Problem description: Could you print out every entry, character for character?
Start of Stored data
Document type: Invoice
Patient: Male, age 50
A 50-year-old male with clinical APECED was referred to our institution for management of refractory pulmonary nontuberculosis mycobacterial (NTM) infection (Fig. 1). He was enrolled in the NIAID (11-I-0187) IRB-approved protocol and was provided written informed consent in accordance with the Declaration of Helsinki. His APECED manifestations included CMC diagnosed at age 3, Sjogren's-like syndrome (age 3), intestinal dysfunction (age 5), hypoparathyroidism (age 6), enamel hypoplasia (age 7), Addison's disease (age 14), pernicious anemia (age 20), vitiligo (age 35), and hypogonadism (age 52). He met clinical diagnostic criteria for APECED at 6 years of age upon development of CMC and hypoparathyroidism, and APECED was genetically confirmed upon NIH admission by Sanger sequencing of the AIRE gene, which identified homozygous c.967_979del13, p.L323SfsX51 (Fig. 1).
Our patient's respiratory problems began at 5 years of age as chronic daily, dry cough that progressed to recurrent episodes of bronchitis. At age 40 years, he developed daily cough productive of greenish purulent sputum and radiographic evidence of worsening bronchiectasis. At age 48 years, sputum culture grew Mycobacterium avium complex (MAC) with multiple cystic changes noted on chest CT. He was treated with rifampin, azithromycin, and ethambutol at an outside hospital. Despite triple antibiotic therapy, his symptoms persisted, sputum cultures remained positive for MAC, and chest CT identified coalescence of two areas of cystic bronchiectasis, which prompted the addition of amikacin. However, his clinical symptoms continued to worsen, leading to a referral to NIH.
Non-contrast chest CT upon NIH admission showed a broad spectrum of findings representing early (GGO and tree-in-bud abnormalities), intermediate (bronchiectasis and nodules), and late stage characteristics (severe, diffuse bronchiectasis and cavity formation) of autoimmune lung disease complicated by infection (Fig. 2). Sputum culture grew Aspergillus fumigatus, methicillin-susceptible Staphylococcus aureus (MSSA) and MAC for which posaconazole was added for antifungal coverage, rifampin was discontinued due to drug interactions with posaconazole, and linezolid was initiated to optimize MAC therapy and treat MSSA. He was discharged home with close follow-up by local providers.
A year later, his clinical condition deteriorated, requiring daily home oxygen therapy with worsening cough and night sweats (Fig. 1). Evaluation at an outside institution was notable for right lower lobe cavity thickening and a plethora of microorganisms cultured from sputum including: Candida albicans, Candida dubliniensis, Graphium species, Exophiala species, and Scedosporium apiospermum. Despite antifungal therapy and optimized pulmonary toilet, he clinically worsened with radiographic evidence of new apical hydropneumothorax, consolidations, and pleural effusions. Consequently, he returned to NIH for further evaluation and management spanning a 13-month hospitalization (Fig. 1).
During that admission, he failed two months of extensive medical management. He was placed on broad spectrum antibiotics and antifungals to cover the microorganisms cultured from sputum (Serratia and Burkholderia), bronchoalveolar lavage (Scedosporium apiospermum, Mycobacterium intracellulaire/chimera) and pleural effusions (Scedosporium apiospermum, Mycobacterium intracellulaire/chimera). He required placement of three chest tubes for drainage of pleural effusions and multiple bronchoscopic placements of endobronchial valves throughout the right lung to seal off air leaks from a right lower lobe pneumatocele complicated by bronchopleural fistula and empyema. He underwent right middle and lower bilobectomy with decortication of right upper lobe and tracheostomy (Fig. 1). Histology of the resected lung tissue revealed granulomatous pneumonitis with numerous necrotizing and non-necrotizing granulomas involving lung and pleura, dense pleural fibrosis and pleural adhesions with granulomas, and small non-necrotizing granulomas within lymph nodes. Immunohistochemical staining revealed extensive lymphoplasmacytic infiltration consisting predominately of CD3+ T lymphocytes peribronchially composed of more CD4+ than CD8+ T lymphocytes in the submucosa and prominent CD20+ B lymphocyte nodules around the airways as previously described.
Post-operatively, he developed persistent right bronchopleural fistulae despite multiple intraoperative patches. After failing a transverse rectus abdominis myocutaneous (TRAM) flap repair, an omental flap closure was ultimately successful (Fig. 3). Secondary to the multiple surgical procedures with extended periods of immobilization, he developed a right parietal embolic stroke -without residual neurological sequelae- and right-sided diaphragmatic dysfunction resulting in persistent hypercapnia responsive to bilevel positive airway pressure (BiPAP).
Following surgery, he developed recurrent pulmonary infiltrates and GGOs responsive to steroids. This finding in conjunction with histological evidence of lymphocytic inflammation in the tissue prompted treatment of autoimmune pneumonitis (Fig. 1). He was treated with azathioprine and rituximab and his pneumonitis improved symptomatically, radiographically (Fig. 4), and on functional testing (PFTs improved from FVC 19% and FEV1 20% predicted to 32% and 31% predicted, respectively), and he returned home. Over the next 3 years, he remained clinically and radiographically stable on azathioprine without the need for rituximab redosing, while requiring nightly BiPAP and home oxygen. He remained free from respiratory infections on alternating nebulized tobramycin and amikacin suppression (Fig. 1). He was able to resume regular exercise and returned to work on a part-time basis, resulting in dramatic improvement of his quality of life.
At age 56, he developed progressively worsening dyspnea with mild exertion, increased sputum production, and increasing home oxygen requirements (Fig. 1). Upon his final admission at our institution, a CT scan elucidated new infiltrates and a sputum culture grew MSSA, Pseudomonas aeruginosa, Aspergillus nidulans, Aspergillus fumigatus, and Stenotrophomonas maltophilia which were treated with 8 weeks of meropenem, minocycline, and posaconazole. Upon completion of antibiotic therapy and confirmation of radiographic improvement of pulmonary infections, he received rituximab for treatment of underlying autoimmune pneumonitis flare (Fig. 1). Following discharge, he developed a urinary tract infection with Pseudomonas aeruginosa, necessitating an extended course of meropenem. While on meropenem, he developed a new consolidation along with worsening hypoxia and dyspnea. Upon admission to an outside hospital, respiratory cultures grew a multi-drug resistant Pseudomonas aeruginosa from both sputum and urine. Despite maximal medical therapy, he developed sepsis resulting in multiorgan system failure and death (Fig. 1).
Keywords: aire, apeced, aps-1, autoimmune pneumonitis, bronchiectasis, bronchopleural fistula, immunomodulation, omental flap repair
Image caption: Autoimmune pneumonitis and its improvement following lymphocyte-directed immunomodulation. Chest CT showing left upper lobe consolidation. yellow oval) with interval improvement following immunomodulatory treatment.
End of Stored data
Response for this exercise:
Document type: Invoice
Patient: Male, age 50
A 50-year-old male with clinical APECED was referred to our institution for management of refractory pulmonary nontuberculosis mycobacterial (NTM) infection (Fig. 1). He was enrolled in the NIAID (11-I-0187) IRB-approved protocol and was provided written informed consent in accordance with the Declaration of Helsinki. His APECED manifestations included CMC diagnosed at age 3, Sjogren's-like syndrome (age 3), intestinal dysfunction (age 5), hypoparathyroidism (age 6), enamel hypoplasia (age 7), Addison's disease (age 14), pernicious anemia (age 20), vitiligo (age 35), and hypogonadism (age 52). He met clinical diagnostic criteria for APECED at 6 years of age upon development of CMC and hypoparathyroidism, and APECED was genetically confirmed upon NIH admission by Sanger sequencing of the AIRE gene, which identified homozygous c.967_979del13, p.L323SfsX51 (Fig. 1).
Our patient's respiratory problems began at 5 years of age as chronic daily, dry cough that progressed to recurrent episodes of bronchitis. At age 40 years, he developed daily cough productive of greenish purulent sputum and radiographic evidence of worsening bronchiectasis. At age 48 years, sputum culture grew Mycobacterium avium complex (MAC) with multiple cystic changes noted on chest CT. He was treated with rifampin, azithromycin, and ethambutol at an outside hospital. Despite triple antibiotic therapy, his symptoms persisted, sputum cultures remained positive for MAC, and chest CT identified coalescence of two areas of cystic bronchiectasis, which prompted the addition of amikacin. However, his clinical symptoms continued to worsen, leading to a referral to NIH.
Non-contrast chest CT upon NIH admission showed a broad spectrum of findings representing early (GGO and tree-in-bud abnormalities), intermediate (bronchiectasis and nodules), and late stage characteristics (severe, diffuse bronchiectasis and cavity formation) of autoimmune lung disease complicated by infection (Fig. 2). Sputum culture grew Aspergillus fumigatus, methicillin-susceptible Staphylococcus aureus (MSSA) and MAC for which posaconazole was added for antifungal coverage, rifampin was discontinued due to drug interactions with posaconazole, and linezolid was initiated to optimize MAC therapy and treat MSSA. He was discharged home with close follow-up by local providers.
A year later, his clinical condition deteriorated, requiring daily home oxygen therapy with worsening cough and night sweats (Fig. 1). Evaluation at an outside institution was notable for right lower lobe cavity thickening and a plethora of microorganisms cultured from sputum including: Candida albicans, Candida dubliniensis, Graphium species, Exophiala species, and Scedosporium apiospermum. Despite antifungal therapy and optimized pulmonary toilet, he clinically worsened with radiographic evidence of new apical hydropneumothorax, consolidations, and pleural effusions. Consequently, he returned to NIH for further evaluation and management spanning a 13-month hospitalization (Fig. 1).
During that admission, he failed two months of extensive medical management. He was placed on broad spectrum antibiotics and antifungals to cover the microorganisms cultured from sputum (Serratia and Burkholderia), bronchoalveolar lavage (Scedosporium apiospermum, Mycobacterium intracellulaire/chimera) and pleural effusions (Scedosporium apiospermum, Mycobacterium intracellulaire/chimera). He required placement of three chest tubes for drainage of pleural effusions and multiple bronchoscopic placements of endobronchial valves throughout the right lung to seal off air leaks from a right lower lobe pneumatocele complicated by bronchopleural fistula and empyema. He underwent right middle and lower bilobectomy with decortication of right upper lobe and tracheostomy (Fig. 1). Histology of the resected lung tissue revealed granulomatous pneumonitis with numerous necrotizing and non-necrotizing granulomas involving lung and pleura, dense pleural fibrosis and pleural adhesions with granulomas, and small non-necrotizing granulomas within lymph nodes. Immunohistochemical staining revealed extensive lymphoplasmacytic infiltration consisting predominately of CD3+ T lymphocytes peribronchially composed of more CD4+ than CD8+ T lymphocytes in the submucosa and prominent CD20+ B lymphocyte nodules around the airways as previously described.
Post-operatively, he developed persistent right bronchopleural fistulae despite multiple intraoperative patches. After failing a transverse rectus abdominis myocutaneous (TRAM) flap repair, an omental flap closure was ultimately successful (Fig. 3). Secondary to the multiple surgical procedures with extended periods of immobilization, he developed a right parietal embolic stroke -without residual neurological sequelae- and right-sided diaphragmatic dysfunction resulting in persistent hypercapnia responsive to bilevel positive airway pressure (BiPAP).
Following surgery, he developed recurrent pulmonary infiltrates and GGOs responsive to steroids. This finding in conjunction with histological evidence of lymphocytic inflammation in the tissue prompted treatment of autoimmune pneumonitis (Fig. 1). He was treated with azathioprine and rituximab and his pneumonitis improved symptomatically, radiographically (Fig. 4), and on functional testing (PFTs improved from FVC 19% and FEV1 20% predicted to 32% and 31% predicted, respectively), and he returned home. Over the next 3 years, he remained clinically and radiographically stable on azathioprine without the need for rituximab redosing, while requiring nightly BiPAP and home oxygen. He remained free from respiratory infections on alternating nebulized tobramycin and amikacin suppression (Fig. 1). He was able to resume regular exercise and returned to work on a part-time basis, resulting in dramatic improvement of his quality of life.
At age 56, he developed progressively worsening dyspnea with mild exertion, increased sputum production, and increasing home oxygen requirements (Fig. 1). Upon his final admission at our institution, a CT scan elucidated new infiltrates and a sputum culture grew MSSA, Pseudomonas aeruginosa, Aspergillus nidulans, Aspergillus fumigatus, and Stenotrophomonas maltophilia which were treated with 8 weeks of meropenem, minocycline, and posaconazole. Upon completion of antibiotic therapy and confirmation of radiographic improvement of pulmonary infections, he received rituximab for treatment of underlying autoimmune pneumonitis flare (Fig. 1). Following discharge, he developed a urinary tract infection with Pseudomonas aeruginosa, necessitating an extended course of meropenem. While on meropenem, he developed a new consolidation along with worsening hypoxia and dyspnea. Upon admission to an outside hospital, respiratory cultures grew a multi-drug resistant Pseudomonas aeruginosa from both sputum and urine. Despite maximal medical therapy, he developed sepsis resulting in multiorgan system failure and death (Fig. 1).
Keywords: aire, apeced, aps-1, autoimmune pneumonitis, bronchiectasis, bronchopleural fistula, immunomodulation, omental flap repair
Image caption: Autoimmune pneumonitis and its improvement following lymphocyte-directed immunomodulation. Chest CT showing left upper lobe consolidation. yellow oval) with interval improvement following immunomodulatory treatment.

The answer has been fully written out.